Michelle spoke up. “So you want to check the protein level in my urine. Whether it comes back high or not won’t change our situation. We’ll still be here, just the three of us. It’s not like there’s much you can do.”
“Michelle, you need to look at the big picture. If we have to induce labor or if we must do an emergency C-section, there are all kinds of possible complications, not the least being blood loss.” He turned to me. “Kevin, what’s your blood type?”
“A-positive.”
“Same here,” he said, “that’s good to know. Michelle?”
“I’m O-negative.”
“That could be a serious problem. If you hemorrhage, neither of us could give you a transfusion.”
“That still doesn’t change our situation. It’s not like we have a lot of options. I’ll just have to be careful.”
“That’s not good enough,” Kevin countered. “I am not going to risk losing you. There have to be other options. Like the hospital in Frankfort.”
“Kevin, we don’t even know for sure if it’s open. What are you suggesting, that the three of us risk a journey to Frankfort, traveling hundreds of miles through zombie-land and maybe facing mercenaries, only to find out the broadcast was wrong and Frankfort is overrun?”
“I’m not
suggesting
that. I’m bringing it up as an option. We have to find out if the hospital’s open. Can we use our shortwave to talk to them?”
“Your radio had enough trouble broadcasting as far as my home in Atlanta. I don’t think we can expect to reach Frankfort.”
“We could install a better antenna. Maybe boost the signal somehow. We could do it.”

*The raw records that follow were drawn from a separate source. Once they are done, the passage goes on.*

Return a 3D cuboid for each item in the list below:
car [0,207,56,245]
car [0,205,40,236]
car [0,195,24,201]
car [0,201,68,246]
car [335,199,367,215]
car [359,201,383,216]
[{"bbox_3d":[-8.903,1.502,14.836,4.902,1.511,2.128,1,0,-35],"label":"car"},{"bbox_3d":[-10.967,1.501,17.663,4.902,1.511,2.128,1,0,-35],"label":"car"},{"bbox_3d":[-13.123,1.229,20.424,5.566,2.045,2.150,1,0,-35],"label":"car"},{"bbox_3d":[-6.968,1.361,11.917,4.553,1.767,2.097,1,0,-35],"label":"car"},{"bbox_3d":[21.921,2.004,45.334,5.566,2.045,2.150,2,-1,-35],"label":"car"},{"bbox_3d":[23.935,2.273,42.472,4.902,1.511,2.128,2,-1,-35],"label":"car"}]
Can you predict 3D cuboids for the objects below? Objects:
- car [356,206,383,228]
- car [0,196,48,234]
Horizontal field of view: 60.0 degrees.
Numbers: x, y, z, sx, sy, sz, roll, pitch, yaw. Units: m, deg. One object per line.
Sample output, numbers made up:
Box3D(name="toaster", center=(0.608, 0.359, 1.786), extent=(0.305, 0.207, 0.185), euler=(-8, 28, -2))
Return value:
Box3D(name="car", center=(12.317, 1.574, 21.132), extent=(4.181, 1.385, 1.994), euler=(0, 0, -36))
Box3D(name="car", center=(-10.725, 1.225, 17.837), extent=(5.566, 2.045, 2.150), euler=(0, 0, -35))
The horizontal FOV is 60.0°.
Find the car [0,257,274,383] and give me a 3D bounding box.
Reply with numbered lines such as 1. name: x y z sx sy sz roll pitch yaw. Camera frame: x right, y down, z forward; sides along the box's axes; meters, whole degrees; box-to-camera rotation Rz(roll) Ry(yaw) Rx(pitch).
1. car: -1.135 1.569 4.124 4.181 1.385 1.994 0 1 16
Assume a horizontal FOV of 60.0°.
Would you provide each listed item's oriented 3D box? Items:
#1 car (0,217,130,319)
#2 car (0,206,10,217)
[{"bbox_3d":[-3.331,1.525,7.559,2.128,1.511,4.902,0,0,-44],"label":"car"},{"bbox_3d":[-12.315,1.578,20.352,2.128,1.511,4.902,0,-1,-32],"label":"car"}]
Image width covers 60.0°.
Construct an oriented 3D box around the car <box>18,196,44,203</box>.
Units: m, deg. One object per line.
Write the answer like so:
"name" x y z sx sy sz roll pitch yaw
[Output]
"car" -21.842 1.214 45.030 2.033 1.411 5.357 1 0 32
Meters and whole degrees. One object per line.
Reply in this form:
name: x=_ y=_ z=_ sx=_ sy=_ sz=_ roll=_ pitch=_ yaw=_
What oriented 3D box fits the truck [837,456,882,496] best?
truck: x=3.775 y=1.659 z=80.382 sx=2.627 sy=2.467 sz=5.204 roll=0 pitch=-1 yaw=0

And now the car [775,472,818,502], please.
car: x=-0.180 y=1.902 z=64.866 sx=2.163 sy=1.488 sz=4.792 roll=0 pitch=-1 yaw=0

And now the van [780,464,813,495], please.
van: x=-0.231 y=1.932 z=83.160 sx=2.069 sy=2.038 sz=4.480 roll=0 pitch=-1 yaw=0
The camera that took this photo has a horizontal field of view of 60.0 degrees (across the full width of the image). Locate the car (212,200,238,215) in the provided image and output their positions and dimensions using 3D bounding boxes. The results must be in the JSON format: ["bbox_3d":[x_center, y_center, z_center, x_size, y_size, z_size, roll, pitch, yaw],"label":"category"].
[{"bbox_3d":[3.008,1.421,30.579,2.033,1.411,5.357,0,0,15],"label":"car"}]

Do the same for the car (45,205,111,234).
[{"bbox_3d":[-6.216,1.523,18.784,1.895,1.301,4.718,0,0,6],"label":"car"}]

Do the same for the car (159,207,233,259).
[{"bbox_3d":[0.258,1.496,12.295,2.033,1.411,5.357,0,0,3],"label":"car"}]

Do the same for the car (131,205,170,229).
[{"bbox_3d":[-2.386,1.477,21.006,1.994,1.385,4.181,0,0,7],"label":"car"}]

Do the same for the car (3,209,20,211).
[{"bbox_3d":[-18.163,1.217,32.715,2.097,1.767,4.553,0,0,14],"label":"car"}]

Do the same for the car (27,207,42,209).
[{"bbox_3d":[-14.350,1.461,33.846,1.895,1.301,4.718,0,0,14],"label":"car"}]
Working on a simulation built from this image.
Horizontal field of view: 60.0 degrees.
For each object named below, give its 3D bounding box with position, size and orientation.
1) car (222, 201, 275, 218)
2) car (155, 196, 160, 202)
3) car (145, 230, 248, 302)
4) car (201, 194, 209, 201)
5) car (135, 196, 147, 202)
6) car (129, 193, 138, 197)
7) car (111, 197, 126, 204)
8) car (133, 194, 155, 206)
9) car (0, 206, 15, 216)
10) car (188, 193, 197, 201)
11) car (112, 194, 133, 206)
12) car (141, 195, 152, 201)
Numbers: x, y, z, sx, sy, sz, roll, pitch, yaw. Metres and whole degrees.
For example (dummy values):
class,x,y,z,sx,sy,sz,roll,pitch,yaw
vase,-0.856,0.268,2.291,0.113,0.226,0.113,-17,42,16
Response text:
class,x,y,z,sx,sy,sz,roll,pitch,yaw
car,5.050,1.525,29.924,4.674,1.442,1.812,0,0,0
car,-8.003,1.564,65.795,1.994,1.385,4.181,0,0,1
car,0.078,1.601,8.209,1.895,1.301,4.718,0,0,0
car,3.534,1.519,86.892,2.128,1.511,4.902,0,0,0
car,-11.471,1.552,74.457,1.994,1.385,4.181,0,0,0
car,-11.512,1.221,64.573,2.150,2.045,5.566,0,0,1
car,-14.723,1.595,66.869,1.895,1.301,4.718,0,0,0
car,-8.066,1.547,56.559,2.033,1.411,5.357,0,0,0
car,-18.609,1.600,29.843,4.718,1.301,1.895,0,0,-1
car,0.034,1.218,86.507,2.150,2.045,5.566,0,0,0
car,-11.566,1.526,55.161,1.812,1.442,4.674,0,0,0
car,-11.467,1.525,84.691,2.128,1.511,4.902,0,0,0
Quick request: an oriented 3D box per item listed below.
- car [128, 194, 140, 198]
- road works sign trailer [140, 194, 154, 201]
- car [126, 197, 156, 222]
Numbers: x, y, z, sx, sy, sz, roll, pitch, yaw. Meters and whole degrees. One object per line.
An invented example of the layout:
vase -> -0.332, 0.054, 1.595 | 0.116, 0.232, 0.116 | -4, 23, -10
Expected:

Doc shook his head. “No, Kevin, we probably can’t. It’s not like we can drive to the local Radio Shack and buy what we need. I’m afraid Frankfort will have to remain an unknown factor.”
“Okay, but let’s say the hospital is open. Would they be able to take care of Michelle and the baby?”
“How should I know? Even if they are open, do they have a blood bank? Do they have doctors and nurses and equipment? How could they have a working hospital without power? The grid is down. Generators would have run out of fuel long ago. With no power there’s no refrigeration. No refrigeration means a lot of standard drugs are no longer viable. For that matter, there would be no blood bank without refrigeration. I think you’re indulging in wishful thinking.”
This talk of blood and drugs and hospitals and Michelle losing the baby and maybe dying from blood loss was pushing Kevin near panic and he lashed out. “Don’t give me that shit! I’m not engaging in wishful thinking. You heard the broadcast. They said they had a working hospital. A working hospital implies power and drugs and doctors and nurses and equipment. If there’s even the slightest chance of the hospital being open, we’d be stupid not to check it out. You want to stay here and play doctor to my pregnant wife, fine. But I’m going to find out if the hospital is open.”
“And how are you going to do that? Your car won’t run. Her car won’t run. You’re not taking my Jeep. What are you suggesting, you and Michelle go on a little bike ride to find out?”